# Desperate to share



## enjayithsmay (Aug 22, 2012)

Hello all,

This is my first post. I can't talk to anyone about my situation for various reasons but it is so painful to be living a lie alone. Maybe this will help. I am absolutely not in love with my husband but he is with me. We are so crazy in debt that that it will be financially impossible to consider leaving for about 5 years. We get along ok for the most part. The bad thing is having to force myself to have sex with him which I don't want to do. He has said that if I try to leave him, "he will destroy me." Basically, he will try to get custody. Because of all the debt, and him making so much more, I wouldn't be able to support my children yet. I have been a stay-at-home mom and am just now going back to work. The reason why I feel so much guilt and the reason why we are in so much debt is that we adopted (after costly infertility treatments) due to my husband's infertility. I wouldn't change a thing because I have the most perfect children that we both adore more than anything. However, I feel so isolated. Also, we don't have any friends in this area where he has to live due to his job. Anyway, sorry to ramble but I just wanted to get this off my chest. Thanks for "listening."


----------



## bluelaser (May 26, 2012)

enjayithsmay said:


> He has said that if I try to leave him, "he will destroy me." Basically, he will try to get custody.


That sounds really bad 

What caused the breakdown in your relationship? Debt?
_Posted via Mobile Device_


----------



## Izzie (Aug 17, 2012)

Sorry to hear that. I think there are millions of people in your situation.

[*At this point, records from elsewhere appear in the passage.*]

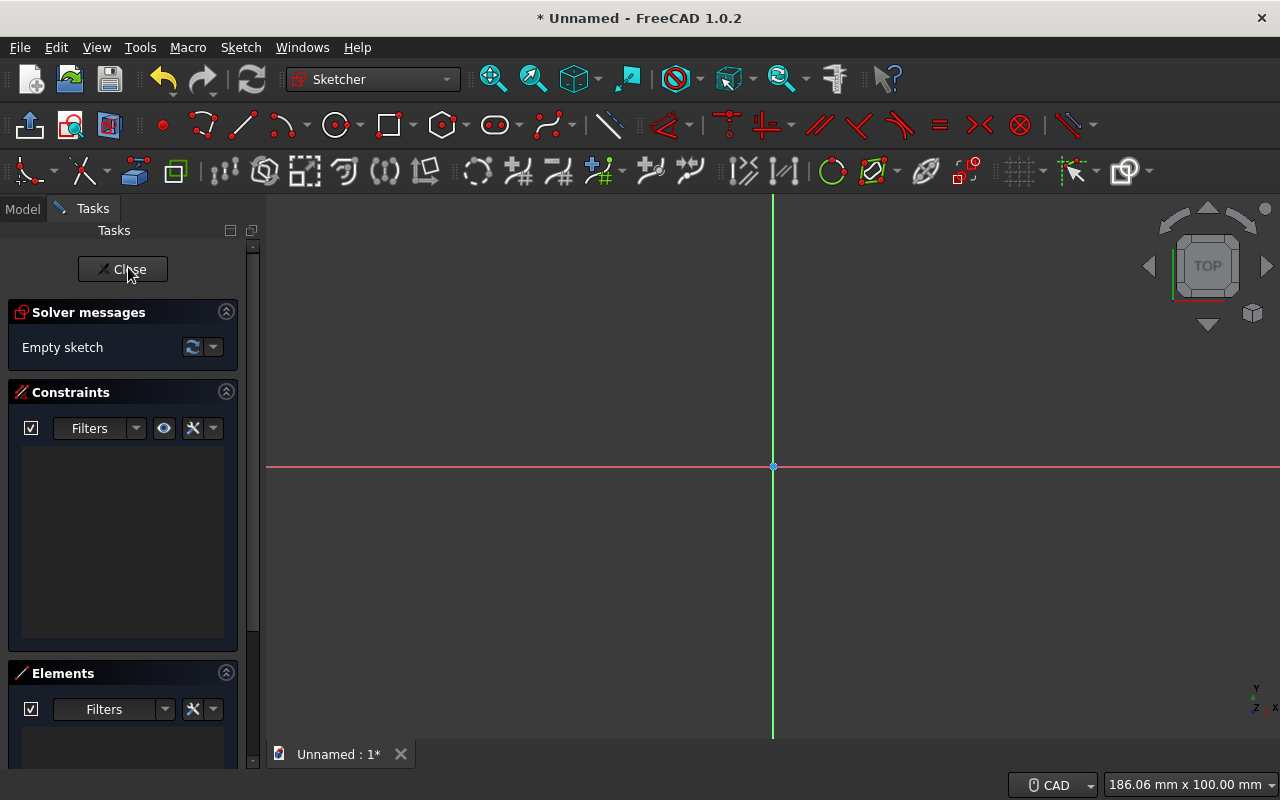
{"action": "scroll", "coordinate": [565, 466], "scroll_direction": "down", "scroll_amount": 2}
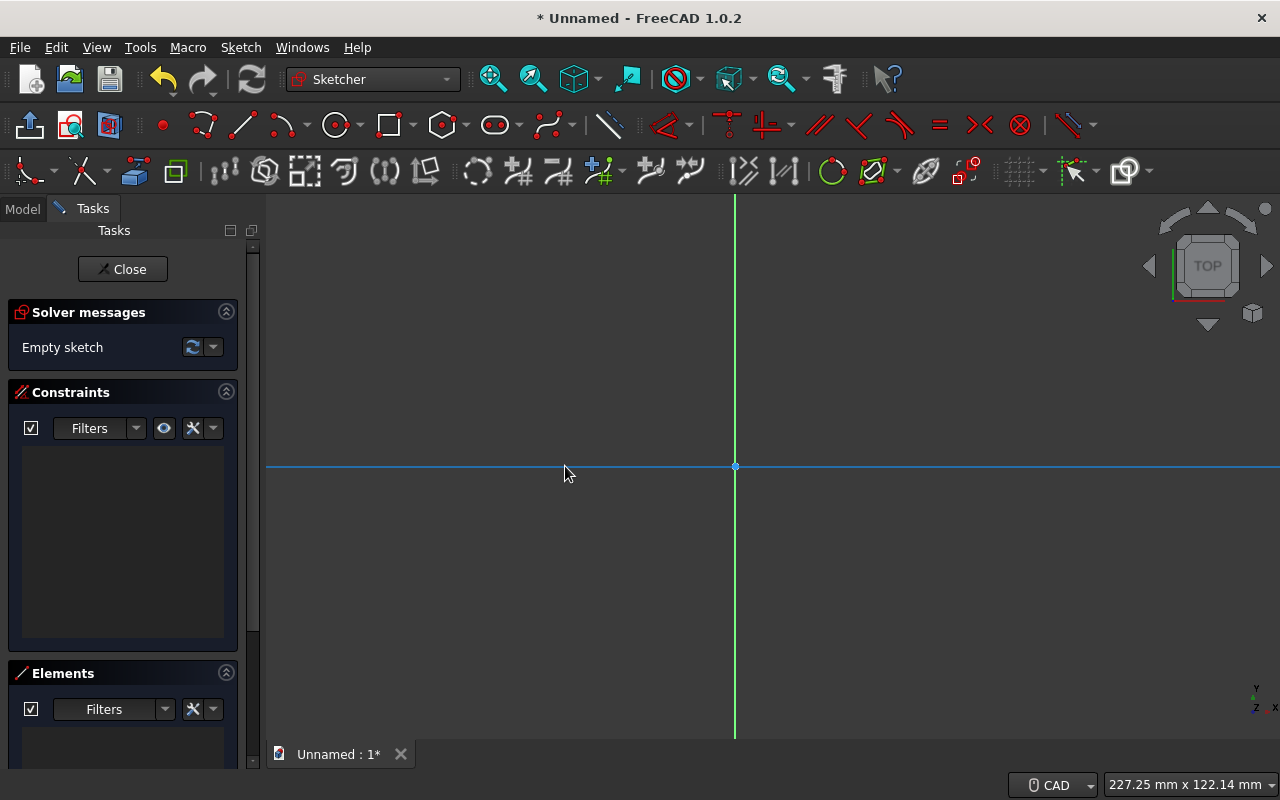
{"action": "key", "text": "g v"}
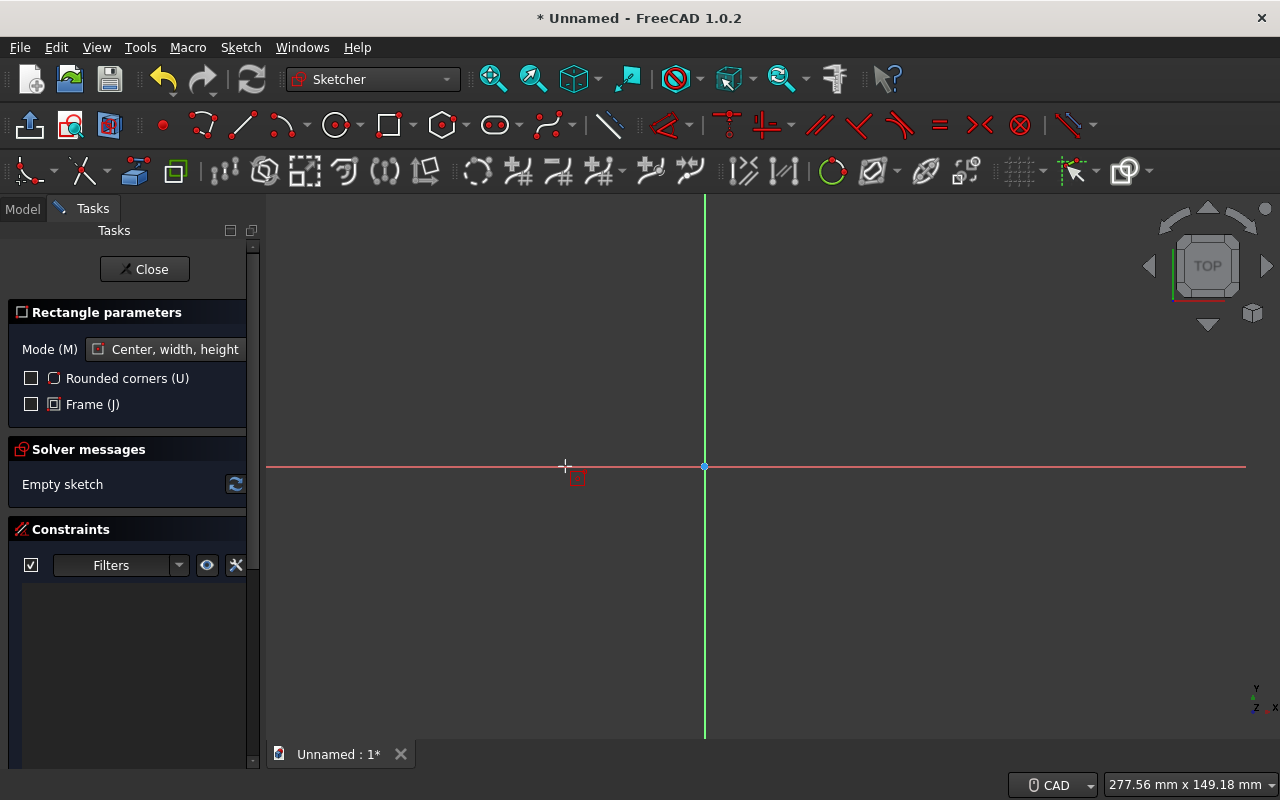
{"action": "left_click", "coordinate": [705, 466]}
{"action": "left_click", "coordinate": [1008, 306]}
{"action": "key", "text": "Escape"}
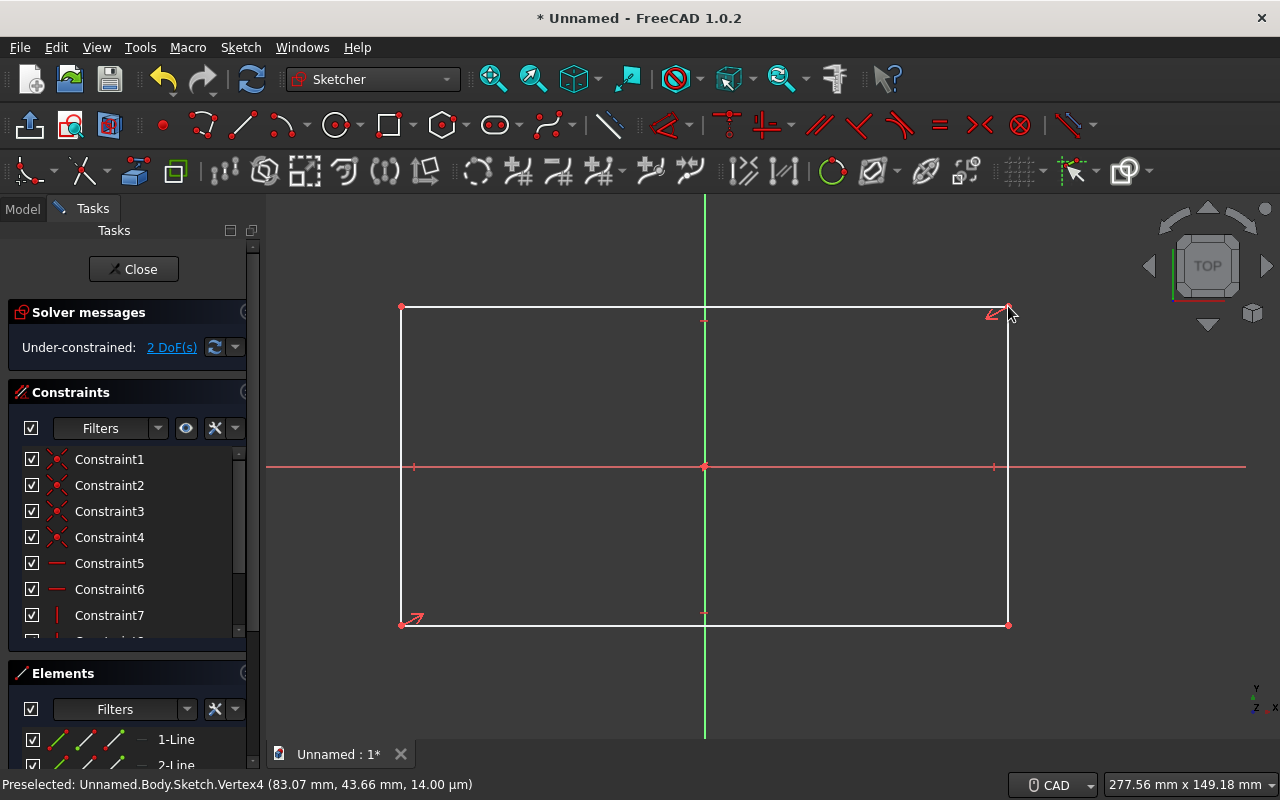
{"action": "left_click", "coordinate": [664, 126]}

Sometimes it's good to vent


----------



## River1977 (Oct 25, 2010)

His threat is not keeping you there. Your fear is keeping you there. Plus, no man who loves his wife threatens her like that. He just wants to exert control over you and he's enjoying all the power.

If you don't want to have sex with him, then don't. I surely wouldn't. Sleep in another room. Sleep on the couch. That's what my mother did. Finally, after all the years of abuse and control, he got the message and left.


----------